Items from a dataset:
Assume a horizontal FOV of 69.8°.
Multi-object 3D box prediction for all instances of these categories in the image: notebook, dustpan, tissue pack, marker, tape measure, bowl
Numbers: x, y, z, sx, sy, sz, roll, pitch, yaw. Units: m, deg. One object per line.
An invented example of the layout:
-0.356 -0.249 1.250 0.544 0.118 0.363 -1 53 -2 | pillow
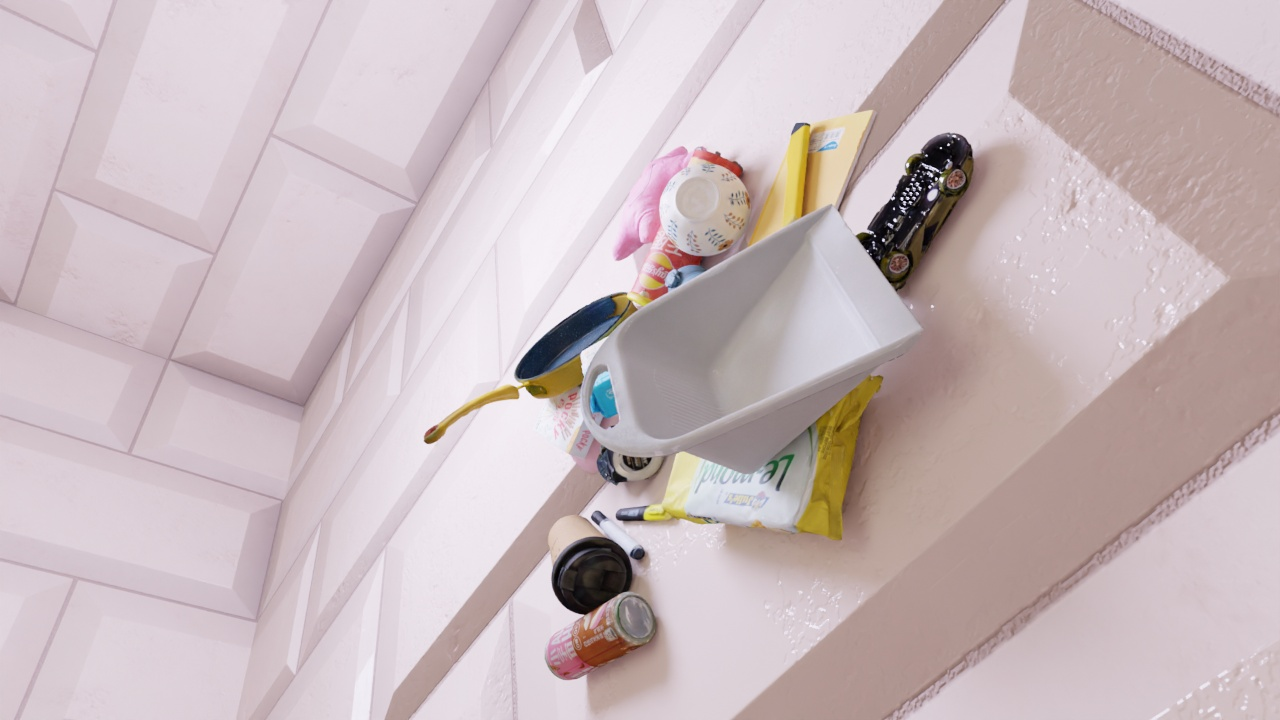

### Aim of the exercise
The copy must start at the line containing "Numbers: x, y, z, sx, sy, sz, roll, pitch, yaw." and end at the last line of the data, matching each line exactly. It must hold no pictures.

### Output of the exercise
Numbers: x, y, z, sx, sy, sz, roll, pitch, yaw. Units: m, deg. One object per line.
An invented example of the layout:
-0.356 -0.249 1.250 0.544 0.118 0.363 -1 53 -2 | pillow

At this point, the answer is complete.